親友だった男の素行調査

親友だと思っていた同性男性の借金の保証人になった私ですが、その人物が行方をくらましてしまい、肩代わりをしなければならなくなりました。

借金の金額は、一年や二年働いただけでは返済ができない大金、保証人になってしまった私が悪いとは言え、逃げた友人が見つかれば私が借金を返済しなくて済むため、探偵に友人を見つけるべく家出調査をお願いしました。

保証人になる前は、借金をしても友人が夜逃げをする事など無いだろうと思っていましたし、万が一借金を背負う事になっても、借金生活などへっちゃらだと甘く見ていました。
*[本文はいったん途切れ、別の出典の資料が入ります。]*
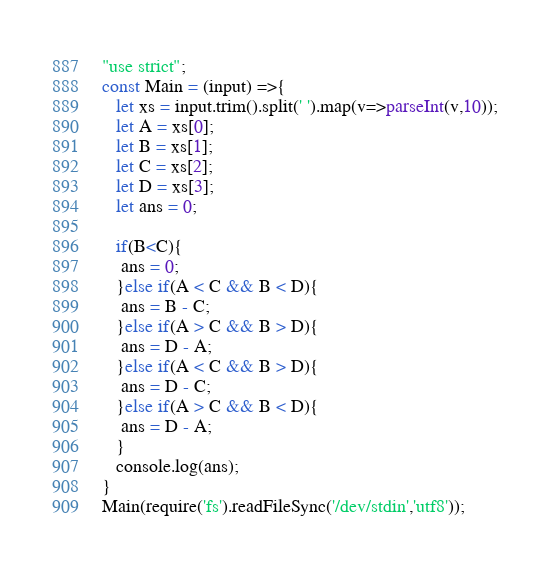Convert code to text. <code><loc_0><loc_0><loc_500><loc_500><_JavaScript_>"use strict";
const Main = (input) =>{
   let xs = input.trim().split(' ').map(v=>parseInt(v,10));
   let A = xs[0];
   let B = xs[1];
   let C = xs[2];
   let D = xs[3];
   let ans = 0;
   
   if(B<C){
    ans = 0;
   }else if(A < C && B < D){
    ans = B - C;
   }else if(A > C && B > D){
    ans = D - A;
   }else if(A < C && B > D){
    ans = D - C;
   }else if(A > C && B < D){
    ans = D - A;
   }
   console.log(ans);
}
Main(require('fs').readFileSync('/dev/stdin','utf8'));


</code> 
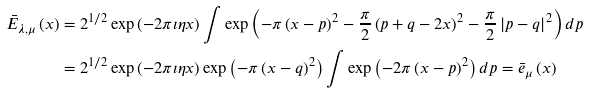<formula> <loc_0><loc_0><loc_500><loc_500>\bar { E } _ { \lambda , \mu } \left ( x \right ) & = 2 ^ { 1 / 2 } \exp \left ( - 2 \pi \imath \eta x \right ) \int \exp \left ( - \pi \left ( x - p \right ) ^ { 2 } - \frac { \pi } { 2 } \left ( p + q - 2 x \right ) ^ { 2 } - \frac { \pi } { 2 } \left | p - q \right | ^ { 2 } \right ) d p \\ & = 2 ^ { 1 / 2 } \exp \left ( - 2 \pi \imath \eta x \right ) \exp \left ( - \pi \left ( x - q \right ) ^ { 2 } \right ) \int \exp \left ( - 2 \pi \left ( x - p \right ) ^ { 2 } \right ) d p = \bar { e } _ { \mu } \left ( x \right )</formula> 
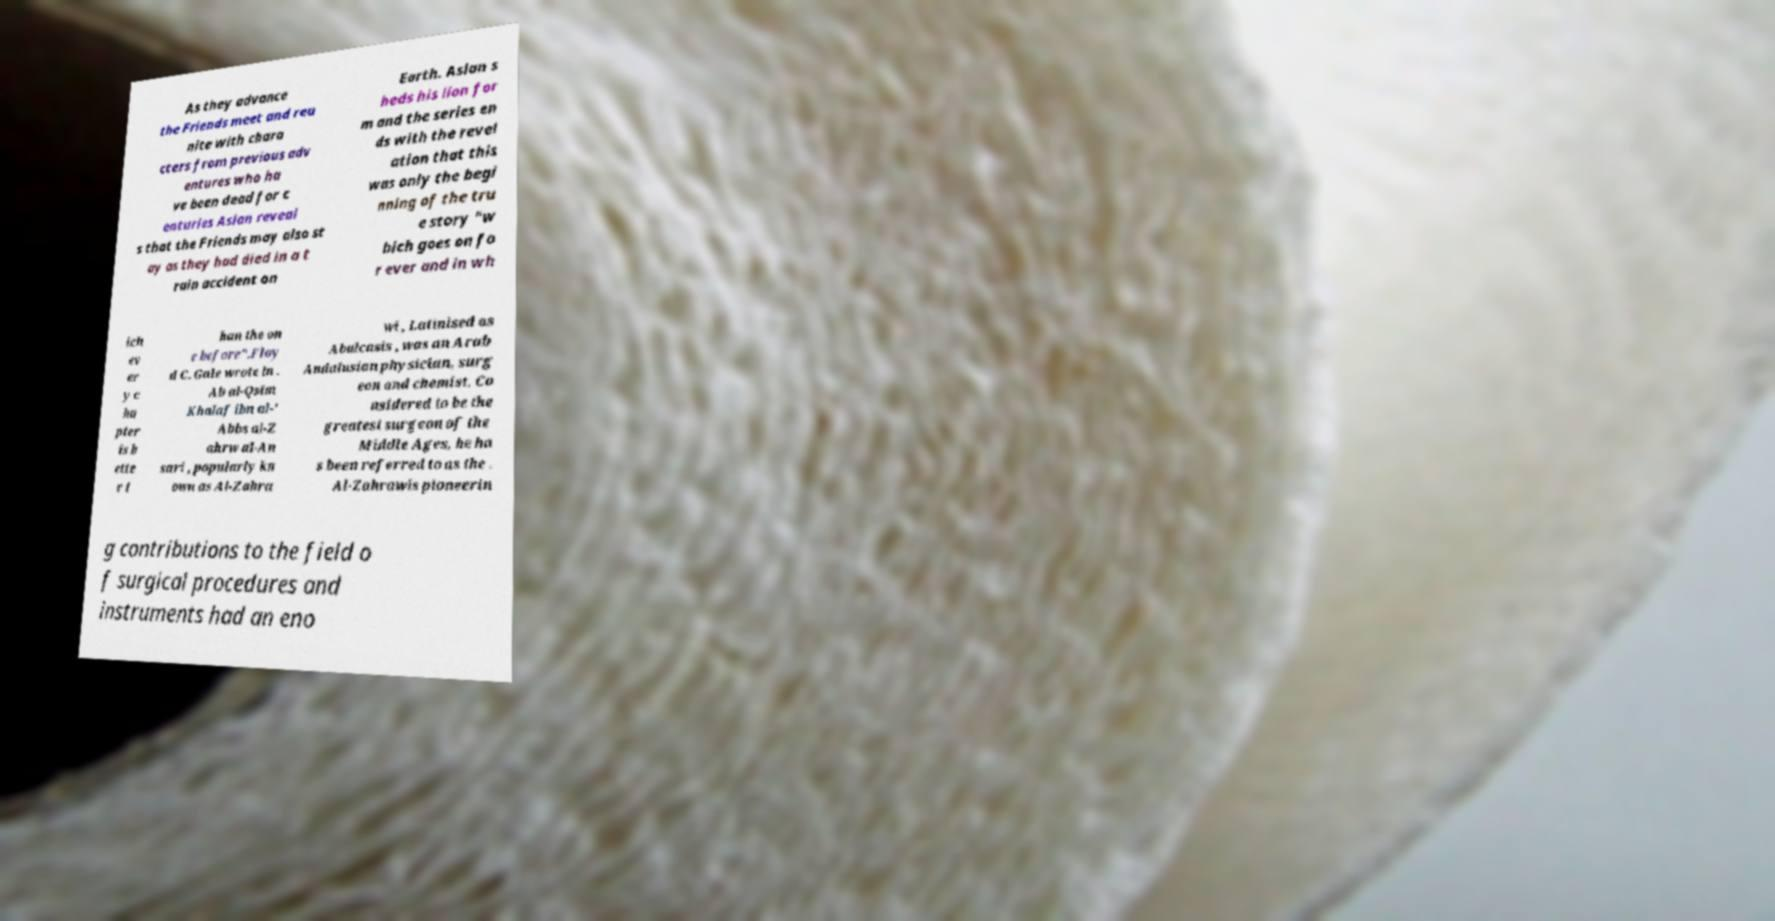For documentation purposes, I need the text within this image transcribed. Could you provide that? As they advance the Friends meet and reu nite with chara cters from previous adv entures who ha ve been dead for c enturies Aslan reveal s that the Friends may also st ay as they had died in a t rain accident on Earth. Aslan s heds his lion for m and the series en ds with the revel ation that this was only the begi nning of the tru e story "w hich goes on fo r ever and in wh ich ev er y c ha pter is b ette r t han the on e before".Floy d C. Gale wrote in . Ab al-Qsim Khalaf ibn al-' Abbs al-Z ahrw al-An sari , popularly kn own as Al-Zahra wi , Latinised as Abulcasis , was an Arab Andalusian physician, surg eon and chemist. Co nsidered to be the greatest surgeon of the Middle Ages, he ha s been referred to as the . Al-Zahrawis pioneerin g contributions to the field o f surgical procedures and instruments had an eno

借金を苦に自暴自棄になり犯罪を犯したり、自殺をしたり、横領をしたりする人々がいる世界です。

私もいざ借金を実際に背負うとその重さに身を投げたくなってしまいました。

自分も失踪してしまえば楽になれるのかもしれませんが、既に家族もおり、会社において築き上げた地位もあり、全てを捨てるわけにはいきませんでした。

会社からは給料を前借し、家族には苦しい思いをさせて節約をし、毎日借金の取立てに苦しむハメになりました。

娘、妻にも身体を酷使してもらい働かせ、この世の地獄かと思うほどでした。

友人さえ見つかればこの地獄から抜け出せるのだと、探偵には必ず友人を見つけて欲しい、と頼み込みました。

探偵、と聞くとどこか不透明な印象があったためにもしかしたら見つからないかも、といった残念な事態を想定していました。

ところが、探偵は家出調査において見事に友人を発見してくれました。

友人は借金苦から失踪し、他県にてアルバイトをしながら遊んで暮らしていました。

夜の仕事であったために収入は30万円もあり、こちらは貧困生活をしているというのに毎日酒を飲み、仲間と楽しく談笑をして生活をしていたようです。

身なりもよく、車も所持をしており、債務持ちだというのにアパートは家賃8万円もしました。

パチンコをして遊んだりと生活に余裕があり、アパート内は小奇麗であり、楽器、新品のパソコン、趣味の良いインテリアに囲まれ、

クローゼットにはブランド物の服がずらりといった生活ぶり、これは許せぬ、と私は立腹ものでした。

私が住んでいる県からは程遠い県でしたが、それでも見つけ出してくれた探偵は天晴れです。

探偵の協力もあり、話し合いをし、友人は債務を背負ってくれ、私は債務から解放されました。

探偵なんて、と探偵を軽んじていた自分を反省し、探偵にはとても感謝をしています。